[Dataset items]
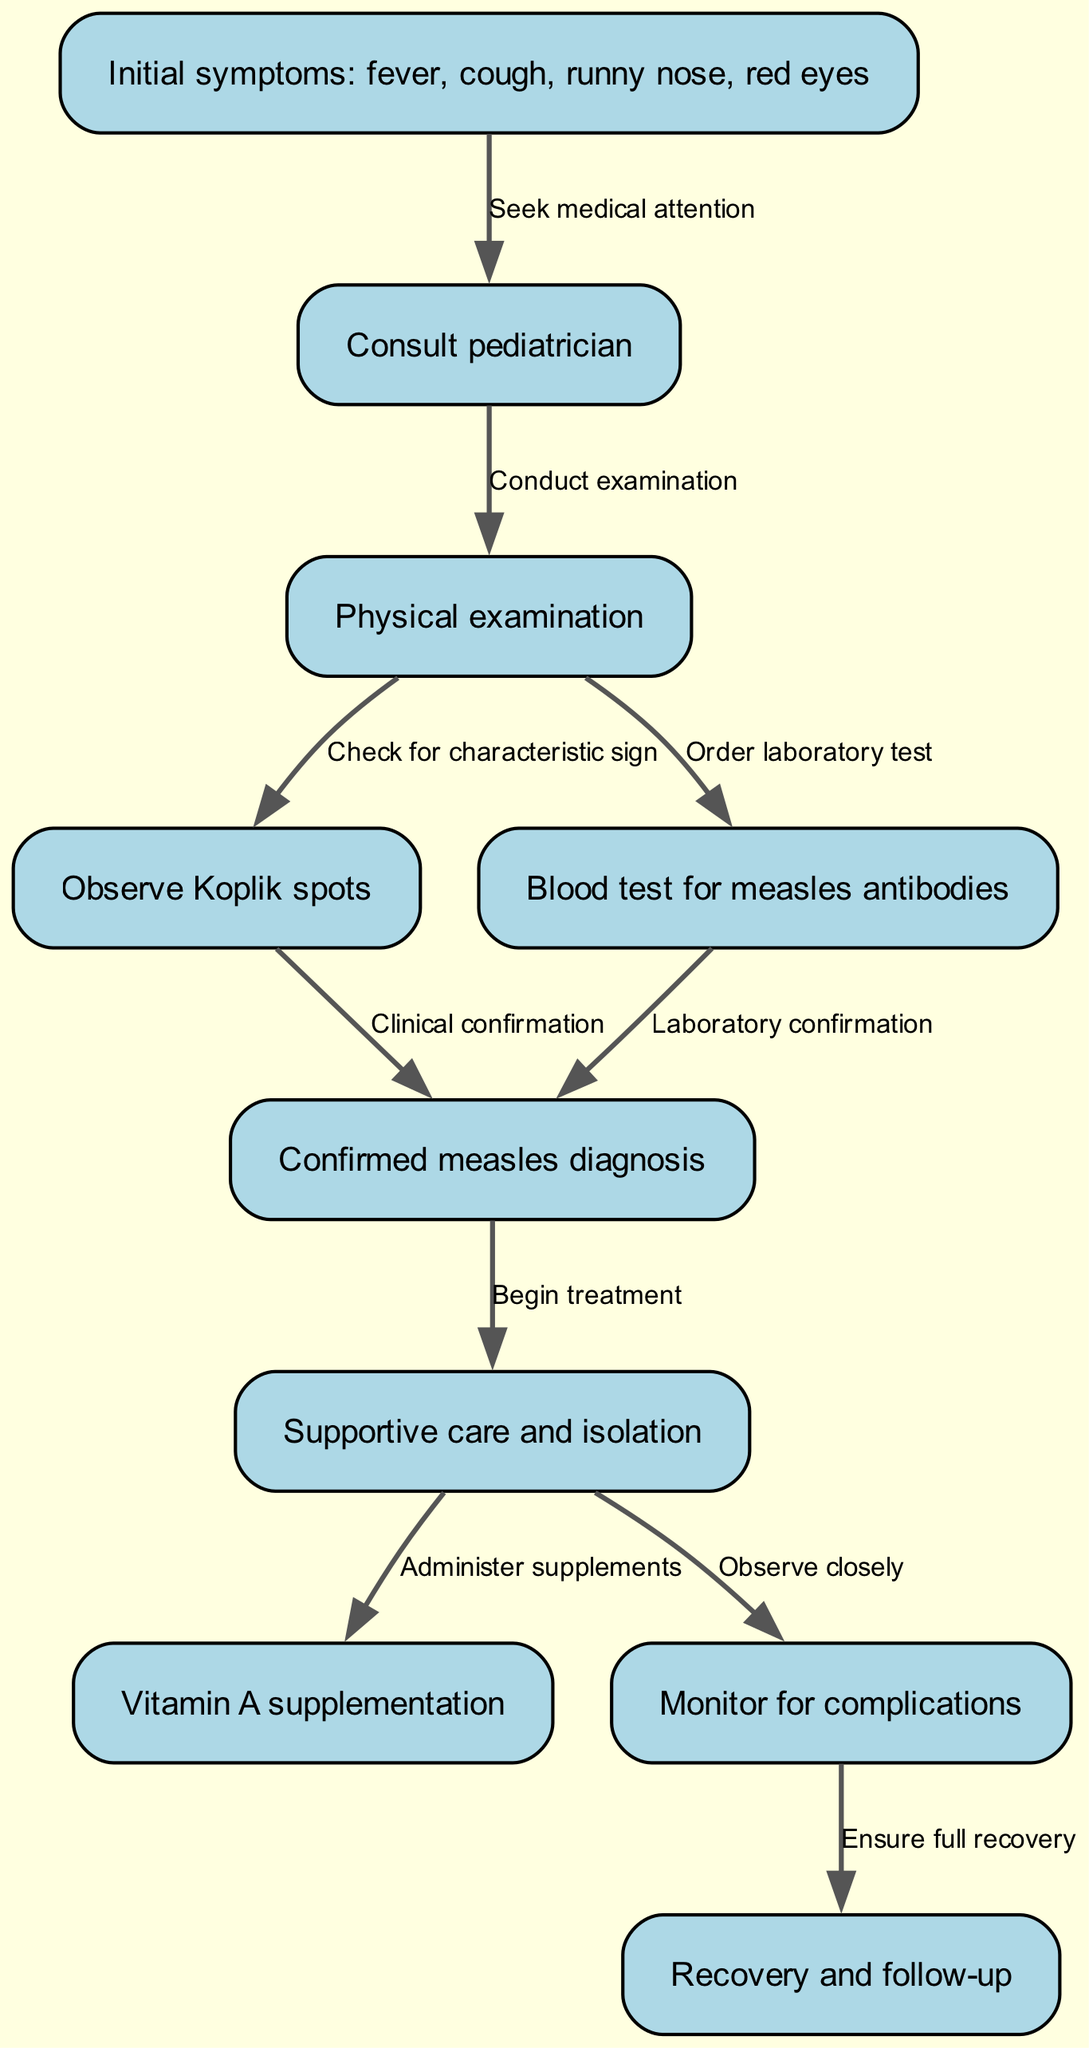What are the initial symptoms of measles infection? The diagram lists "fever, cough, runny nose, red eyes" as the initial symptoms of suspected measles infection.
Answer: fever, cough, runny nose, red eyes What is the first step after observing the initial symptoms? After noticing initial symptoms, the next action is to "Consult pediatrician," indicating the need for medical attention.
Answer: Consult pediatrician How many nodes are present in the clinical pathway? To find the total number of nodes, we can count each unique step listed in the diagram; there are 10 nodes total.
Answer: 10 Which node confirms the measles diagnosis through clinical observation? The node that confirms the diagnosis is "Confirmed measles diagnosis," which follows the observation of Koplik spots.
Answer: Confirmed measles diagnosis What step follows the confirmation of a measles diagnosis? The pathway indicates that after confirmation, "Begin treatment" is the next step, detailing the care process initiated for the patient.
Answer: Begin treatment What type of care is indicated after measles diagnosis? The diagram specifies "Supportive care and isolation" as the type of care to be provided following the diagnosis confirmation, which includes looking after the patient's needs while preventing spread.
Answer: Supportive care and isolation What is administered as part of treatment following supportive care? Following supportive care, "Vitamin A supplementation" is noted as an essential part of the treatment to aid in recovery.
Answer: Vitamin A supplementation What is the purpose of monitoring for complications? The pathway stresses the importance of "Monitor for complications" to ensure any adverse developments are identified and managed promptly following the diagnosis and treatment.
Answer: Monitor for complications What is the final step indicated in the clinical pathway? The final node in the clinical pathway is "Recovery and follow-up," which signifies the completion of the treatment process and the need for subsequent assessments.
Answer: Recovery and follow-up 
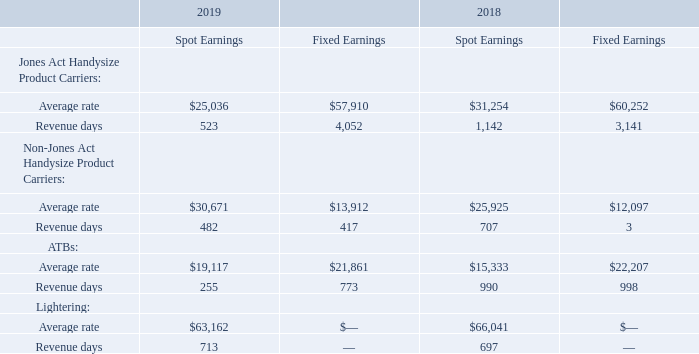The following table provides a breakdown of TCE rates achieved for the years ended December 31, 2019 and 2018 between spot and fixed earnings and the related revenue days.
During 2019, TCE revenues increased by $8,426, or 2.6%, to $335,133 from $326,707 in 2018. The increase primarily resulted from an increase in average daily rates earned by our fleet and decreased spot market exposure. The total number of revenue days decreased from 7,678 days in 2018 to 7,215 days in 2019. The decrease primarily resulted from three fewer vessels in operation during most of 2019 compared to 2018.
Vessel expenses remained stable at $134,618 in 2019 from $134,956 in 2018. Depreciation expense increased by $1,987 to $52,499 in 2019 from $50,512 in 2018. The increase was due to an increase in amortization of drydock costs and an increase in depreciation expense due to the Overseas Gulf Coast and Overseas Sun Coast, our two new vessels, which entered service at the beginning of the fourth quarter of 2019.
Two reflagged U.S. Flag Product Carriers participate in the U.S. Maritime Security Program, which ensures that privatelyowned, military-useful U.S. Flag vessels are available to the U.S. Department of Defense in the event of war or national emergency.
Each of the vessel-owning companies receives an annual subsidy, subject in each case to annual congressional appropriations, which is intended to offset the increased cost incurred by such vessels from operating under the U.S. Flag. Such subsidy was $5,000 for each vessel in 2019 and $5,000 on one vessel and $4,600 on one vessel in 2018.
Under the terms of the program, we expect to receive up to $5,000 annually for each vessel during 2020, and up to $5,200 for each vessel beginning in 2021. We do not receive a subsidy for any days for which either of the two vessels operate under a time charter to a U.S. government agency.
In June 2019, one of our lightering customers, PES, suffered an explosion and fire at its refinery in the Delaware Bay. The PES refinery complex, which consists of two refineries, has been shut down since the fire. Due to the expected reduction in lightering volumes, we redeployed one of our two lightering ATBs to the U.S. Gulf of Mexico for alternative employment.
In July 2019, PES filed a Chapter 11 bankruptcy petition. At December 31, 2019, we had outstanding receivables from PES of approximately $4,300. The ultimate recovery of these receivables is currently unknown. We established a loss provision of $4,300. We are working diligently to maximize our recovery.
In June 2018, one of our ATBs was berthed to the dock when a third-party ship transiting the channel hit our ATB, causing structural damage to the ATB and damage to the dock. The cost of repairs has been covered by existing insurance policies. We have filed a lawsuit against the third-party ship seeking recovery of our costs of repairs as well as our lost earnings from the ATB being off-hire for 46 repair days.
How much did TCE revenues increased during 2019 from 2018? $8,426. What led to the increase in TCE revenues? An increase in average daily rates earned by our fleet and decreased spot market exposure. What is the vessel expenses in 2019 and 2018 respectively? $134,618, $134,956. What is the change in Jones Act Handysize Product Carriers: Average rate in Spot Earnings between 2018 and 2019? 25,036-31,254
Answer: -6218. What is the change in Jones Act Handysize Product Carriers: Revenue days in Spot Earnings between 2018 and 2019? 523-1,142
Answer: -619. What is the change in Non-Jones Act Handysize Product Carriers: Average rate in Spot Earnings between 2018 and 2019? 30,671-25,925
Answer: 4746. 
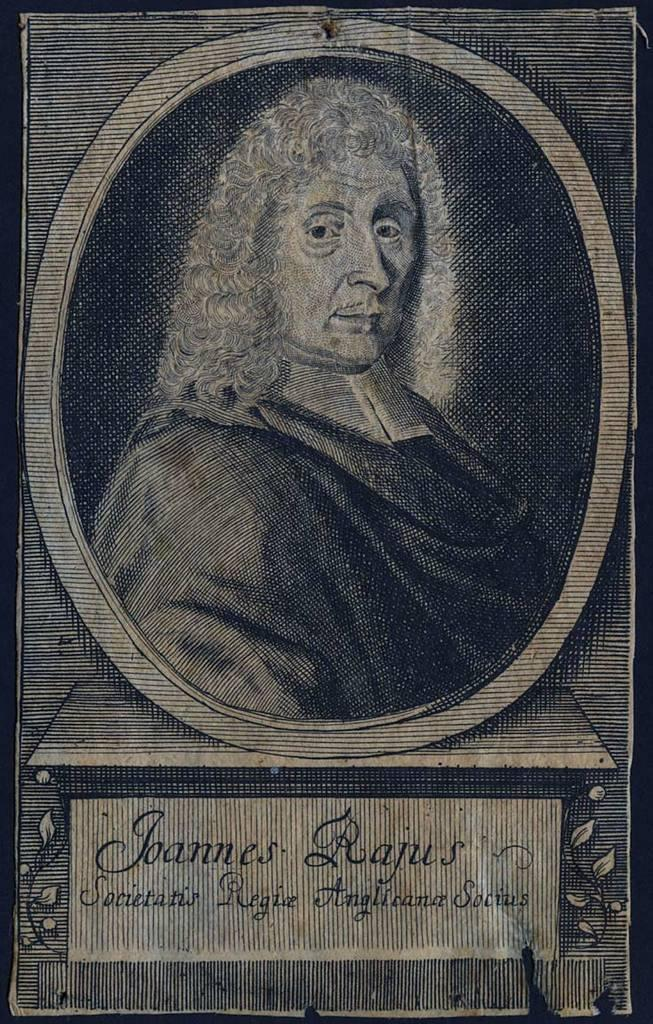What is present in the image? There is a person in the image. Can you describe the person's attire? The person is wearing clothes. What advice does the person in the image give to the viewer? There is no indication in the image that the person is giving advice to the viewer. 
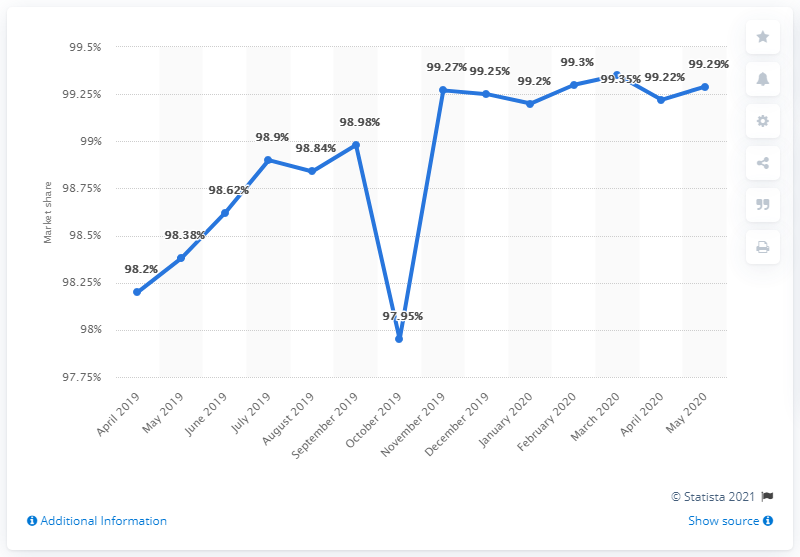Highlight a few significant elements in this photo. In September 2018, the mobile search market in India accounted for 97.95% of all searches performed on mobile devices. As of May 2020, Google's share of the Indian mobile search market was 99.29%. 
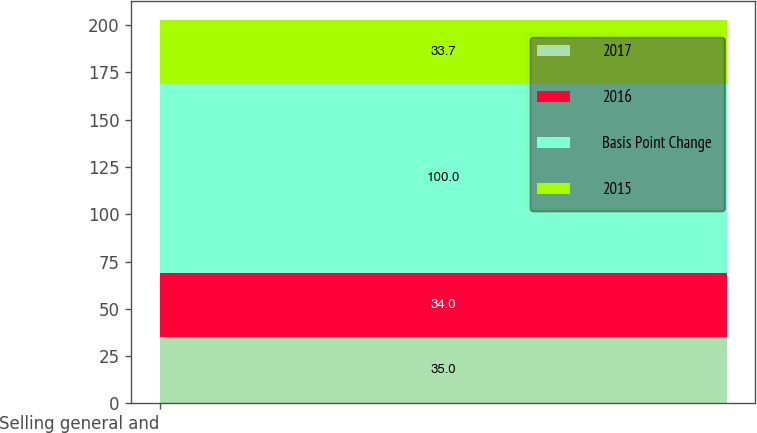<chart> <loc_0><loc_0><loc_500><loc_500><stacked_bar_chart><ecel><fcel>Selling general and<nl><fcel>2017<fcel>35<nl><fcel>2016<fcel>34<nl><fcel>Basis Point Change<fcel>100<nl><fcel>2015<fcel>33.7<nl></chart> 
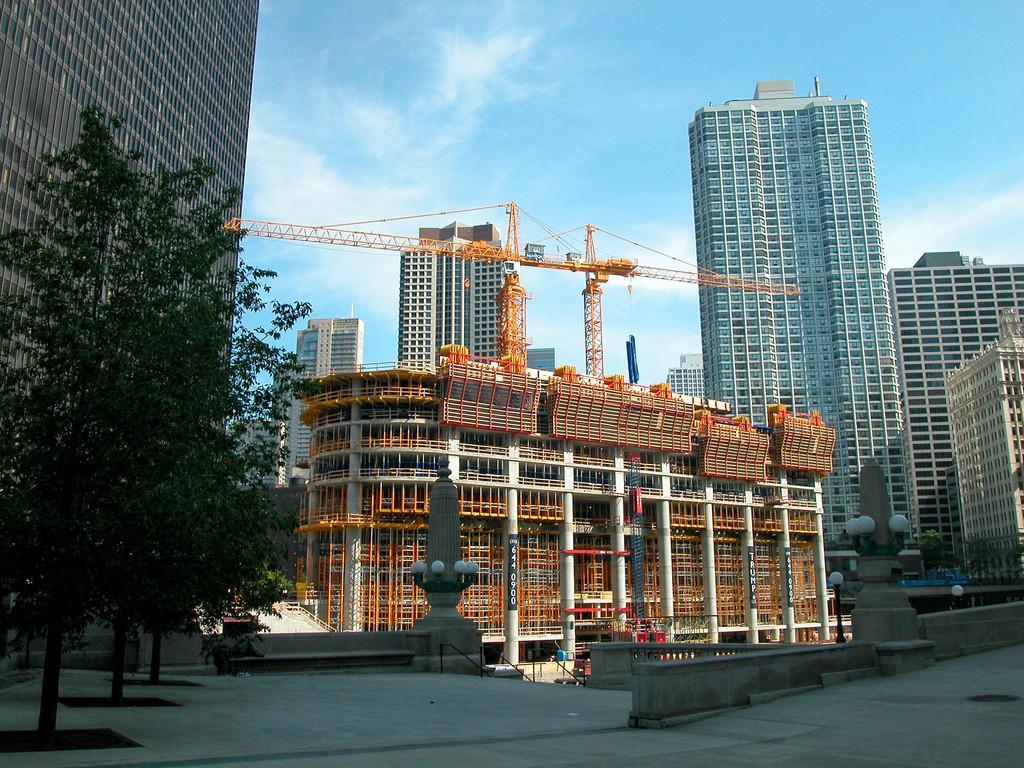Can you describe this image briefly? In this image I can see trees, fence, poles, buildings and metal rods. At the top I can see the blue sky. This image is taken may be on the road. 
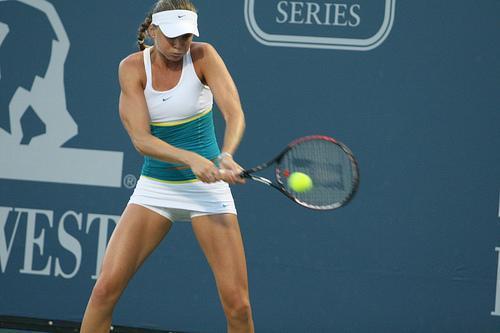How many tennis balls are visible?
Give a very brief answer. 1. 
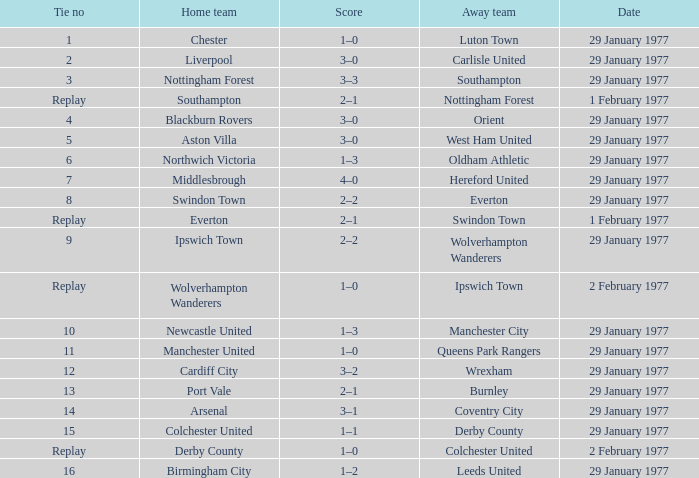What is the score in the Liverpool home game? 3–0. Can you give me this table as a dict? {'header': ['Tie no', 'Home team', 'Score', 'Away team', 'Date'], 'rows': [['1', 'Chester', '1–0', 'Luton Town', '29 January 1977'], ['2', 'Liverpool', '3–0', 'Carlisle United', '29 January 1977'], ['3', 'Nottingham Forest', '3–3', 'Southampton', '29 January 1977'], ['Replay', 'Southampton', '2–1', 'Nottingham Forest', '1 February 1977'], ['4', 'Blackburn Rovers', '3–0', 'Orient', '29 January 1977'], ['5', 'Aston Villa', '3–0', 'West Ham United', '29 January 1977'], ['6', 'Northwich Victoria', '1–3', 'Oldham Athletic', '29 January 1977'], ['7', 'Middlesbrough', '4–0', 'Hereford United', '29 January 1977'], ['8', 'Swindon Town', '2–2', 'Everton', '29 January 1977'], ['Replay', 'Everton', '2–1', 'Swindon Town', '1 February 1977'], ['9', 'Ipswich Town', '2–2', 'Wolverhampton Wanderers', '29 January 1977'], ['Replay', 'Wolverhampton Wanderers', '1–0', 'Ipswich Town', '2 February 1977'], ['10', 'Newcastle United', '1–3', 'Manchester City', '29 January 1977'], ['11', 'Manchester United', '1–0', 'Queens Park Rangers', '29 January 1977'], ['12', 'Cardiff City', '3–2', 'Wrexham', '29 January 1977'], ['13', 'Port Vale', '2–1', 'Burnley', '29 January 1977'], ['14', 'Arsenal', '3–1', 'Coventry City', '29 January 1977'], ['15', 'Colchester United', '1–1', 'Derby County', '29 January 1977'], ['Replay', 'Derby County', '1–0', 'Colchester United', '2 February 1977'], ['16', 'Birmingham City', '1–2', 'Leeds United', '29 January 1977']]}

» **PROBLEM**
Repeat, with no pictures, each line from the beginning of the data through the line containing "Answer: 10 Which", inclusive.

» **RESPONSE BOX**
What are the initial symptoms of measles infection? The diagram lists "fever, cough, runny nose, red eyes" as the initial symptoms of suspected measles infection.
Answer: fever, cough, runny nose, red eyes What is the first step after observing the initial symptoms? After noticing initial symptoms, the next action is to "Consult pediatrician," indicating the need for medical attention.
Answer: Consult pediatrician How many nodes are present in the clinical pathway? To find the total number of nodes, we can count each unique step listed in the diagram; there are 10 nodes total.
Answer: 10 Which node confirms the measles diagnosis through clinical observation? The node that confirms the diagnosis is "Confirmed measles diagnosis," which follows the observation of Koplik spots.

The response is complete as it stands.